▸ Problem to work on
Restate exactly the lines of the entries below, beginning with the first and ending with the line that holds "16. pallet at [0, 142, 50, 201]". Pictures are not copied.

▸ Source data
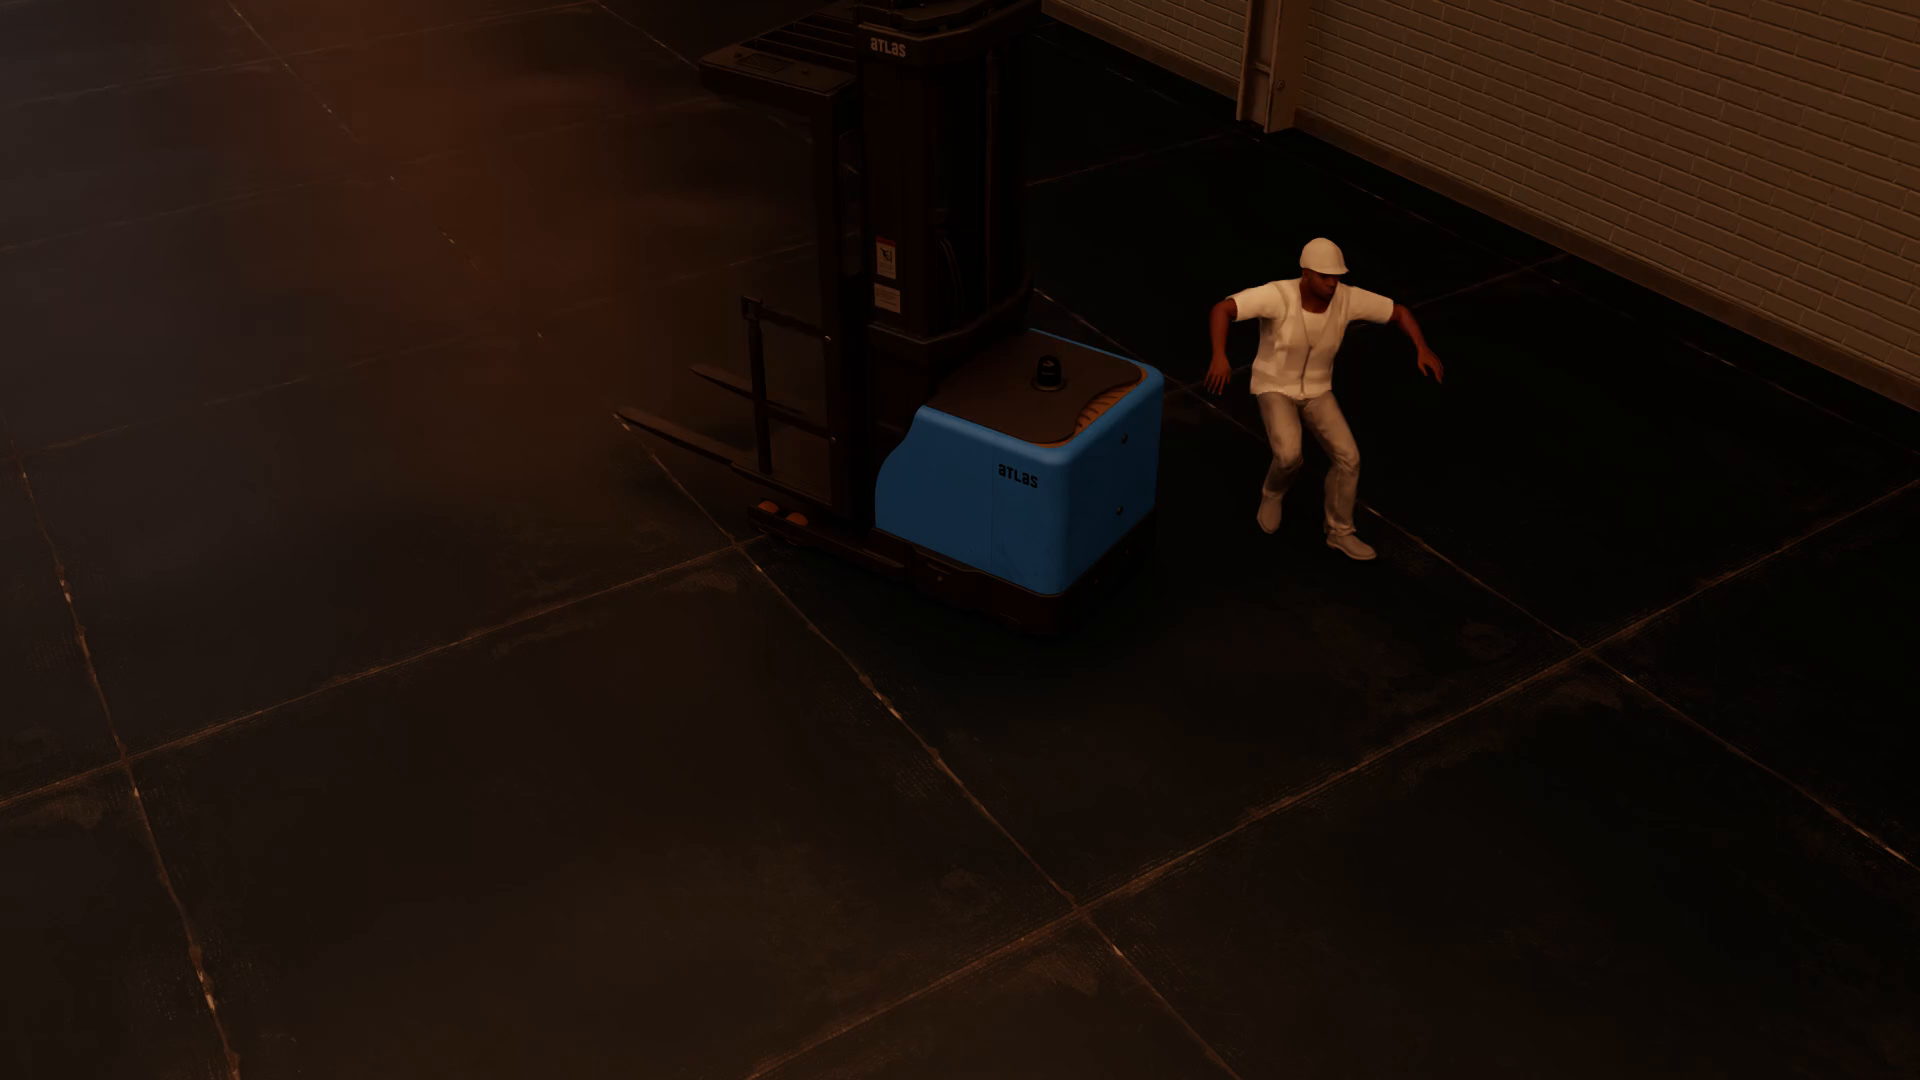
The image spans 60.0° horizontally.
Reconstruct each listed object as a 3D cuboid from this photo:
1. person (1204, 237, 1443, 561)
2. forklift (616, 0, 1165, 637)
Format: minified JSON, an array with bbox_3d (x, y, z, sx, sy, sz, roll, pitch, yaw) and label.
[{"bbox_3d":[1.787,-0.695,8.338,1.205,1.565,0.823,-7,36,-10],"label":"person"},{"bbox_3d":[-0.500,-1.399,8.138,3.031,2.935,1.130,22,41,28],"label":"forklift"}]
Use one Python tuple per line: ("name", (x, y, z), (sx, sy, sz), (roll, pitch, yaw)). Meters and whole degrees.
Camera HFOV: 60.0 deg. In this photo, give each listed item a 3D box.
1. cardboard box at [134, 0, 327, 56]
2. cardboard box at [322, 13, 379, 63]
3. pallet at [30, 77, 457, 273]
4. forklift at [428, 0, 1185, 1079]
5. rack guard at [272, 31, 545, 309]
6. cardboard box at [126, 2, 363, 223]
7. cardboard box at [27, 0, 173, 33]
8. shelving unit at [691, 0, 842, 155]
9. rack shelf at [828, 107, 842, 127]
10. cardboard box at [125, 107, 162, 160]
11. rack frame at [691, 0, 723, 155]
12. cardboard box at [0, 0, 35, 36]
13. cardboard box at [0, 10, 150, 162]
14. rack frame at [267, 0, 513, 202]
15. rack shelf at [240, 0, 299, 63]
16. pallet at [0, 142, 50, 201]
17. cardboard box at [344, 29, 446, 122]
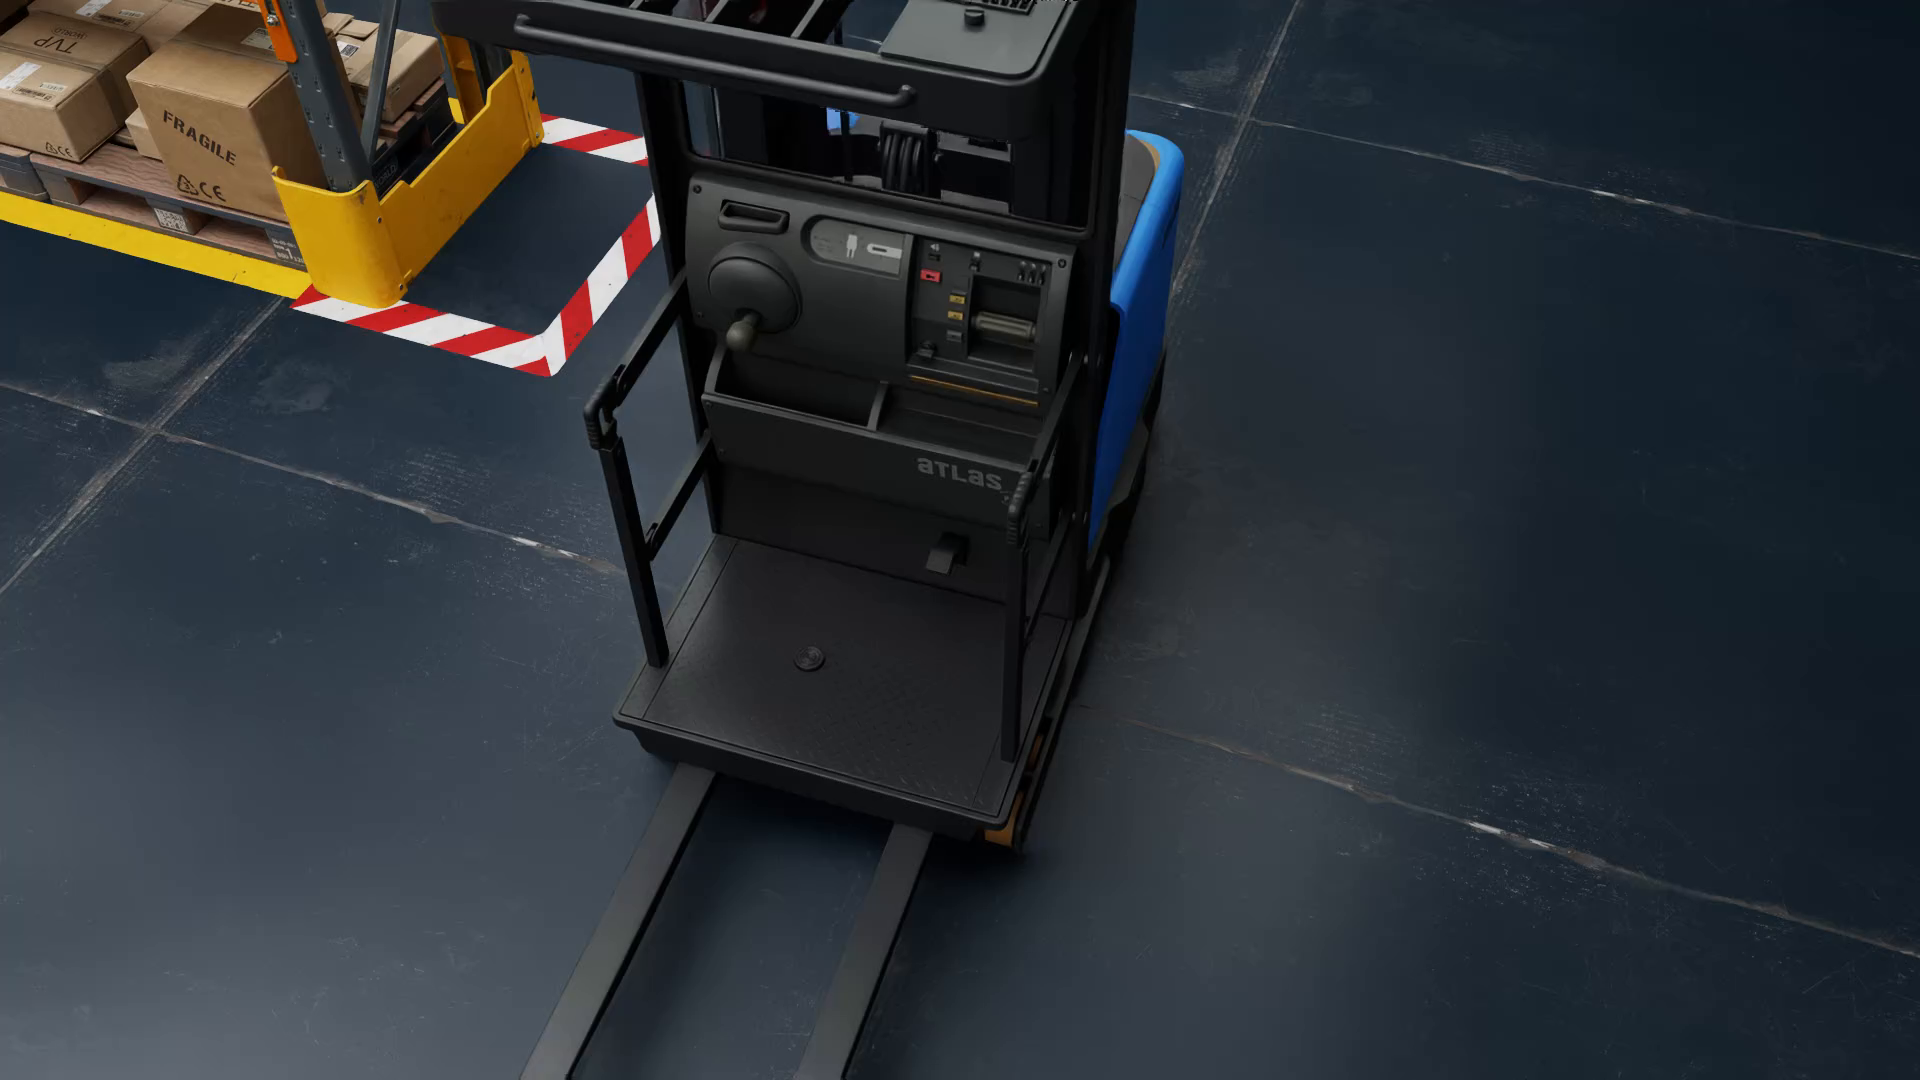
("cardboard box", (-2.815, -1.955, 6.488), (0.500, 0.250, 0.500), (16, 51, 13))
("cardboard box", (-2.443, -1.872, 6.472), (0.250, 0.166, 0.380), (16, 51, 13))
("pallet", (-2.754, -1.552, 6.456), (1.213, 0.211, 1.003), (16, 51, 13))
("forklift", (-0.262, -0.478, 3.725), (1.130, 2.935, 3.031), (14, 50, 11))
("rack guard", (-2.006, -1.439, 6.166), (0.348, 0.500, 1.175), (16, 51, 13))
("cardboard box", (-2.530, -1.531, 5.955), (0.500, 0.500, 0.500), (16, 51, 13))
("cardboard box", (-3.284, -2.086, 6.602), (0.500, 0.250, 0.500), (16, 51, 13))
("shelving unit", (-0.280, -1.406, 5.476), (1.048, 1.500, 0.538), (-3, 49, -3))
("rack shelf", (-0.280, -1.288, 5.612), (1.000, 0.185, 0.538), (-3, 49, -3))
("cardboard box", (-2.879, -1.591, 6.228), (0.250, 0.166, 0.380), (16, 51, 13))
("rack frame", (-0.787, -1.380, 5.454), (0.032, 1.500, 0.500), (-3, 49, -3))
("cardboard box", (-3.923, -2.123, 6.466), (0.637, 0.503, 0.797), (16, 51, 13))
("cardboard box", (-3.411, -1.719, 6.283), (0.500, 0.250, 0.500), (16, 51, 13))
("rack frame", (-1.935, -2.237, 5.204), (0.127, 3.000, 1.000), (16, 51, 13))
("rack shelf", (-3.811, -2.526, 5.930), (4.000, 0.370, 1.077), (16, 51, 13))
("pallet", (-3.895, -1.873, 6.734), (1.213, 0.211, 1.003), (16, 51, 13))
("cardboard box", (-2.208, -1.801, 6.421), (0.250, 0.149, 0.380), (16, 51, 13))

▸ Answer space
The image spans 60.0° horizontally.
Reconstruct each listed object as a 3D cuboid from this photo:
1. person (1204, 237, 1443, 561)
2. forklift (616, 0, 1165, 637)
Format: minified JSON, an array with bbox_3d (x, y, z, sx, sy, sz, roll, pitch, yaw) and label.
[{"bbox_3d":[1.787,-0.695,8.338,1.205,1.565,0.823,-7,36,-10],"label":"person"},{"bbox_3d":[-0.500,-1.399,8.138,3.031,2.935,1.130,22,41,28],"label":"forklift"}]
Use one Python tuple per line: ("name", (x, y, z), (sx, sy, sz), (roll, pitch, yaw)). Meters and whole degrees.
Camera HFOV: 60.0 deg. In this photo, give each listed item a 3D box.
1. cardboard box at [134, 0, 327, 56]
2. cardboard box at [322, 13, 379, 63]
3. pallet at [30, 77, 457, 273]
4. forklift at [428, 0, 1185, 1079]
5. rack guard at [272, 31, 545, 309]
6. cardboard box at [126, 2, 363, 223]
7. cardboard box at [27, 0, 173, 33]
8. shelving unit at [691, 0, 842, 155]
9. rack shelf at [828, 107, 842, 127]
10. cardboard box at [125, 107, 162, 160]
11. rack frame at [691, 0, 723, 155]
12. cardboard box at [0, 0, 35, 36]
13. cardboard box at [0, 10, 150, 162]
14. rack frame at [267, 0, 513, 202]
15. rack shelf at [240, 0, 299, 63]
16. pallet at [0, 142, 50, 201]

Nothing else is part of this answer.